# NSW Evans Head Mackeral



## gibsoni (Jun 22, 2009)

Hi Guys,

Been a long while since I've put a trip report up, mostly due to the scarcity of getting on the water these days.

Just back from a family holiday to Evans Head.

Camped on the river for 4 nights, a great spot for the family. For those unfamiliar, Evans Head has the Evans River running through it. Being tied up with other activities I didnt get to look at the bar till later in the trip though it seemed that every time we looked at it, there was not a breaking wave in sight. I am sure at times it is as treacherous as any other.

One afternoon when the kids were asleep, Dave (camping with us) and I went for a quick paddle without fishing gear (against every bone in my body, but thats what time allowed) to have a look what outside had to offer. As soon as we crossed the bar terns were in sight plummeting to bait fish, followed soon by sightings of bustups as got closer. I couldnt make out what fish they were other than likely mackeral, suspecting maybe mac tuna due to color. Headed back in with all the motivation I needed to hit the water early at day break the next morning.

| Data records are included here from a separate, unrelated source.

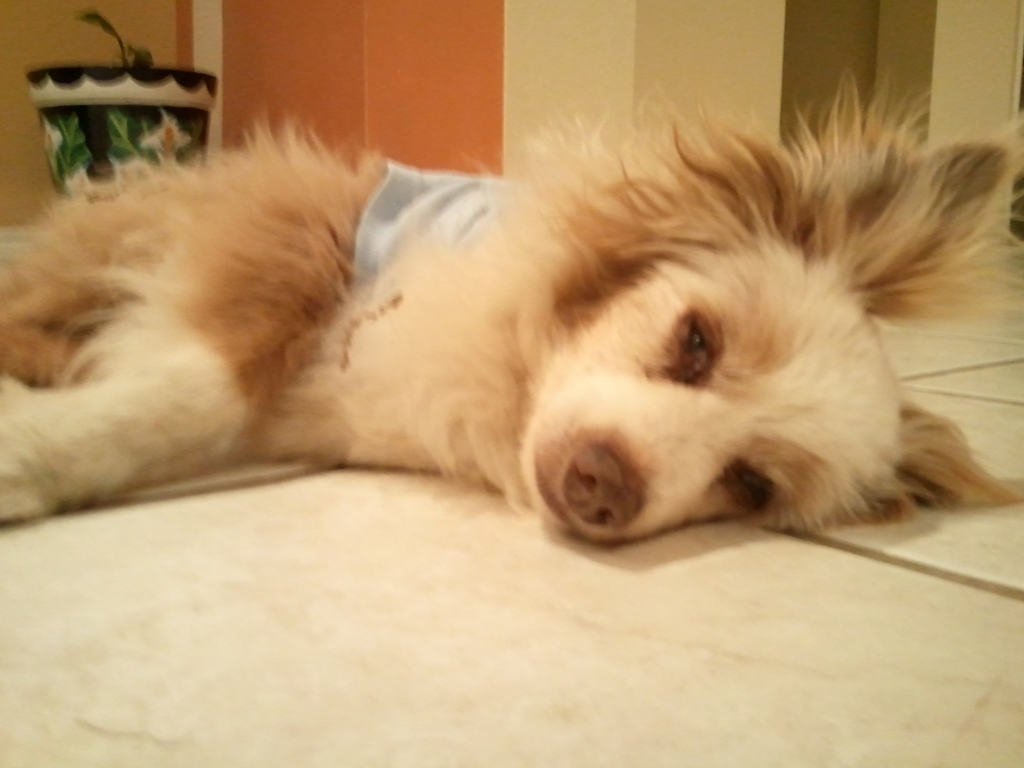Why is the picture considered acceptable?
A. The picture is acceptable because of its sharpness
B. The blurriness of the picture makes it unacceptable
C. Despite the blurriness, the overall quality is still satisfactory
Answer with the option's letter from the given choices directly.
 C.

Hit the water late due to alarm failing, crossing the bar around 6. Terns were spotted a few hundred metres away and I made tracks to them trailing a halco laserpro 160 with a metal slug on the casting rod ready to go.

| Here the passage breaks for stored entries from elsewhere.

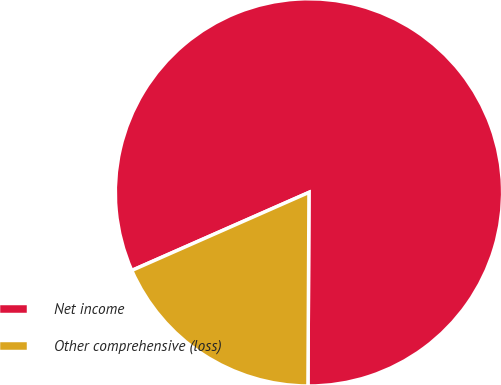Convert chart. <chart><loc_0><loc_0><loc_500><loc_500><pie_chart><fcel>Net income<fcel>Other comprehensive (loss)<nl><fcel>81.69%<fcel>18.31%<nl></chart> 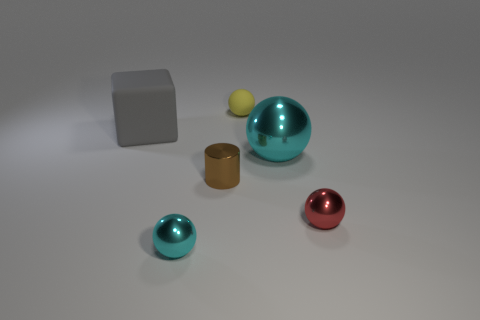What number of other things are the same color as the small rubber object?
Ensure brevity in your answer.  0. Is the number of brown metallic cylinders greater than the number of small metal things?
Your answer should be very brief. No. How big is the thing that is both behind the small brown cylinder and in front of the big matte cube?
Ensure brevity in your answer.  Large. What is the shape of the big rubber object?
Your answer should be very brief. Cube. How many red objects are the same shape as the small yellow object?
Your response must be concise. 1. Are there fewer tiny brown objects in front of the metallic cylinder than cyan objects in front of the red shiny ball?
Give a very brief answer. Yes. How many cyan spheres are behind the cyan shiny sphere that is in front of the big metal sphere?
Offer a terse response. 1. Are there any large gray things?
Provide a short and direct response. Yes. Are there any big gray blocks made of the same material as the big cyan thing?
Your answer should be compact. No. Is the number of cyan balls that are left of the block greater than the number of rubber balls behind the big cyan metallic sphere?
Give a very brief answer. No.

Nosed up to the bust up and cast in with not alot of follows. School soon disappeared and others popped up elsewhere. Had a few follows of the slug but no successful hookups. Whilst set to trolling around I finally hooked up on the hard body. A few runs and a deeper dive yakside and I had a nice spotted mackeral yak side. In the rush, forgot my tail rope so lifted it carefully through the the gills and into the hatch it went.

At the time I suspected it was not a spotty but I have been told it is.



















Chased schools around for a bit longer for no takes. The fish I had regurgitated some fish that were at least as big as pilly's and some bigger, so probably my metal slug was undersized to match what they were chasing.

Anyone got any good ideas for keeping your fishbox clean (stealth) when putting a bloody, slimy fish in it? A dry bag could work though pretty expensive to be punctured each time.

Thanks for reading, Iain.


----------



## BIGKEV (Aug 18, 2007)

Mate a quick wash out with soapy water and a sponge followed by a solid spray from a hose will remove the slime and blood, pull out the bungs tip it up and drain it out until water that is running out is clear. If you can leave the hatch lid open for it to 'air' for a day or so.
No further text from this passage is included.